### Work item
State the number of lines in the entries below where the string "Task" occurs, and omit everything else.

:: Records shown

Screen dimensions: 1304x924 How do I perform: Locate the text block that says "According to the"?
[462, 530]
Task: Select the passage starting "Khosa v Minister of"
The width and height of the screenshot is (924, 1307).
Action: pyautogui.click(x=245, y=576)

::::
:: Records shown

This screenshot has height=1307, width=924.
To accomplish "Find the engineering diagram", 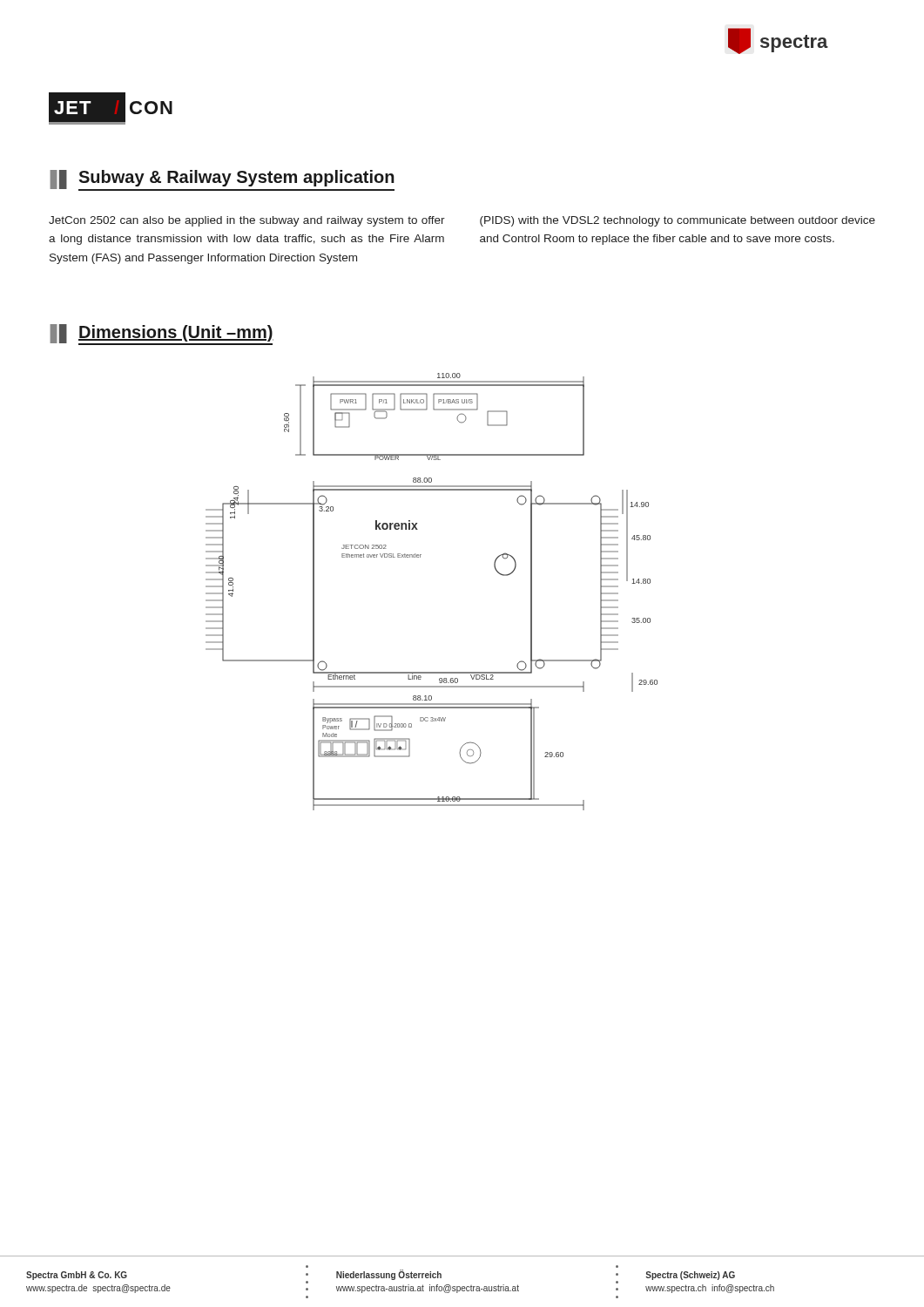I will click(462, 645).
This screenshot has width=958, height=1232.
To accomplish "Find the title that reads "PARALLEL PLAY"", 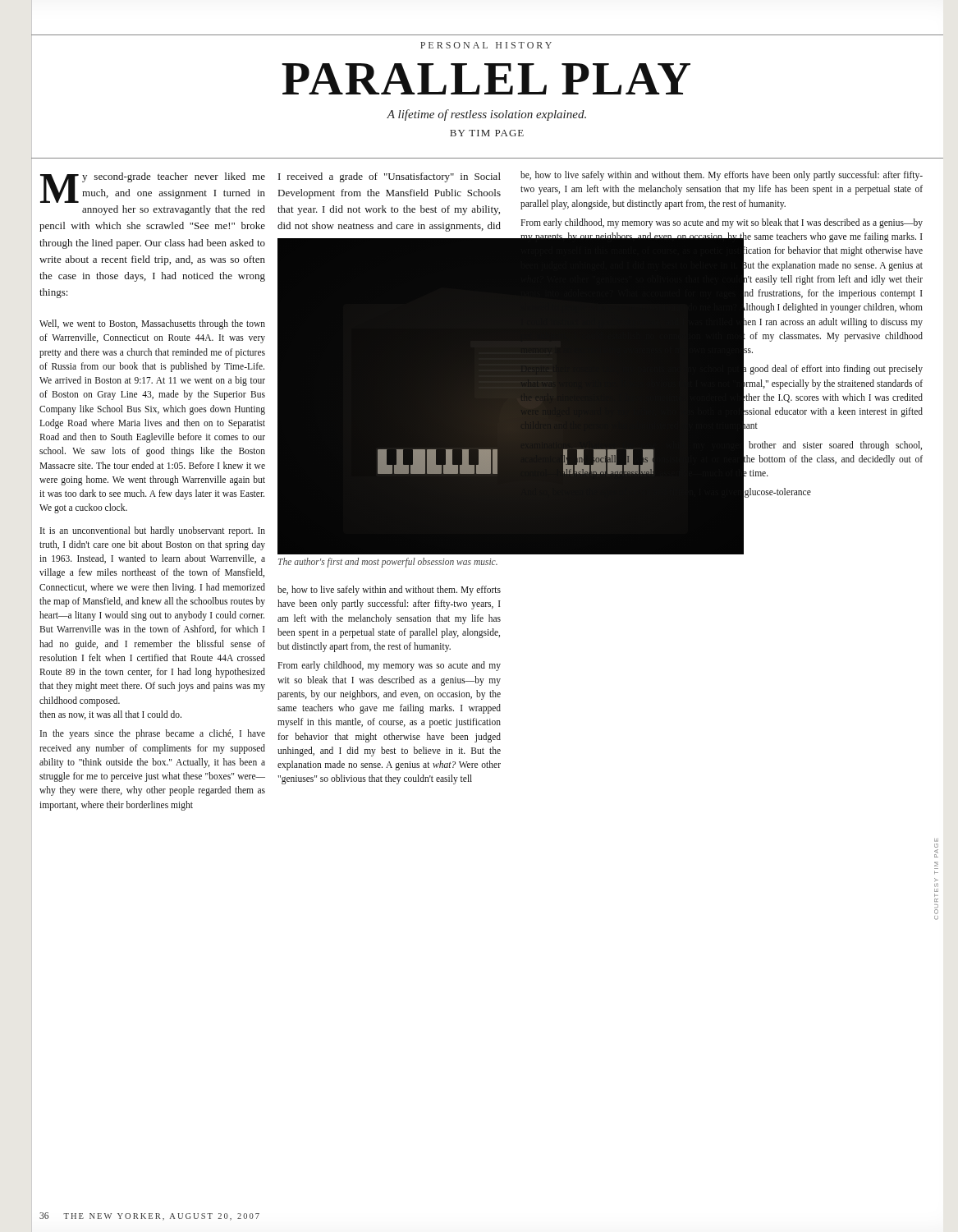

::::
:: Records shown

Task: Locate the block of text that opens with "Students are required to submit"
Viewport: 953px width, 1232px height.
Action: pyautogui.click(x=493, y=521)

::::

### Exercise solution
2